If you sell the fund when the Fed raises interest rates and buy it back in a few days, it may indeed reduce the losses caused by the decline in net value, but the handling fee for buying and selling funds is not low, so it is difficult for investors to grasp the selling point. In particular, if the foundation makes a fixed investment, don't stop selling your share immediately because of a little drop or twists and turns.

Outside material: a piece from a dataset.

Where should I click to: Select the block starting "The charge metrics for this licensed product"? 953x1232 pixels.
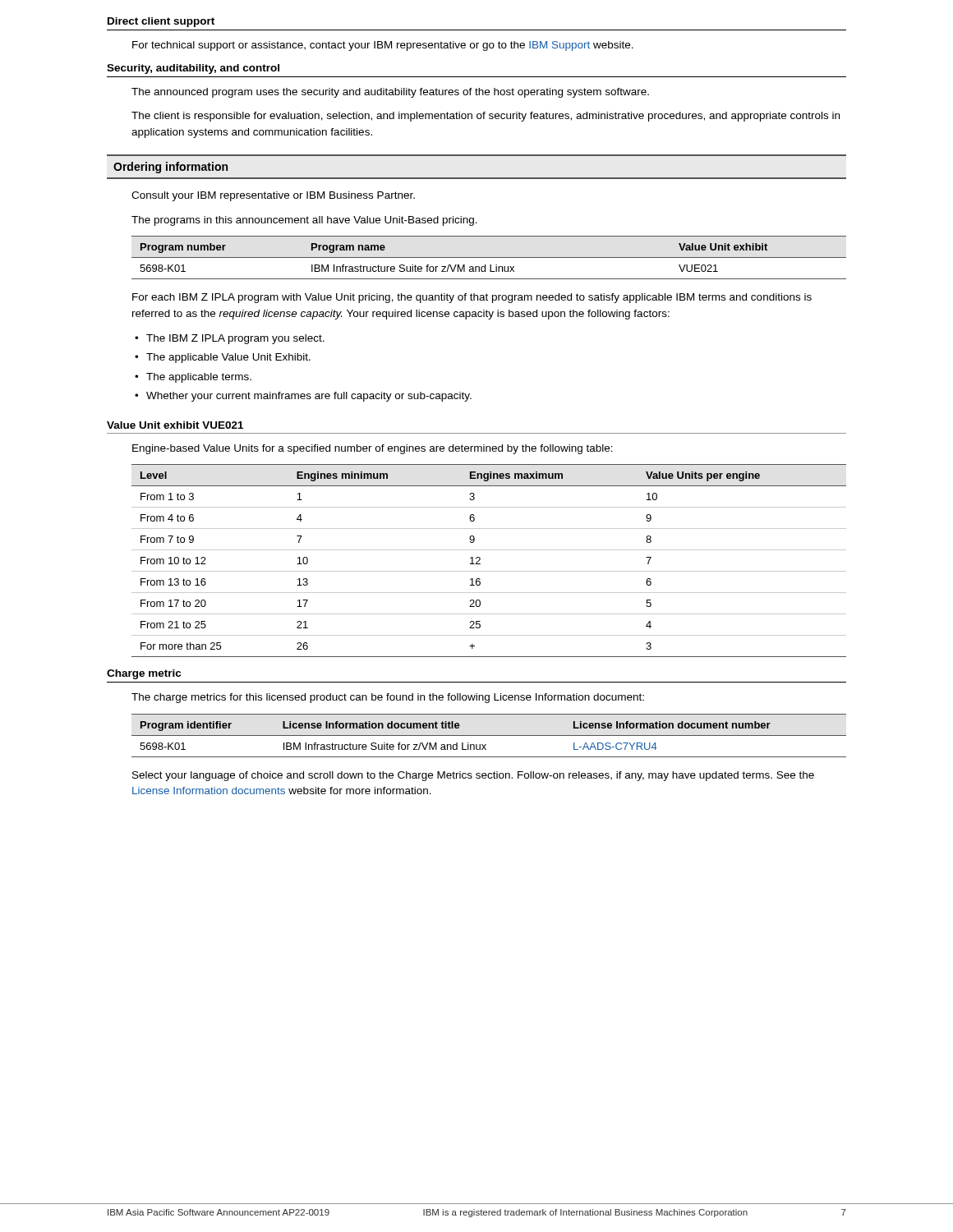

In fact, the Fed's interest rate hike is far from as horrible as everyone thinks. After all, the domestic economic rhythm is different from that of the United States. A shares have their own endogenous operating basis, so the daily trading of funds mainly depends on how the fund itself is, what the investment target is, and finally the overall environment. This environment usually refers to our A shares, not US stocks.

The impact of the Fed's interest rate hike is getting smaller and shorter, so don't worry too much. However, many people have suggested that after the Fed raises interest rates, it will take advantage of the recovery of the market outlook to lighten its positions again.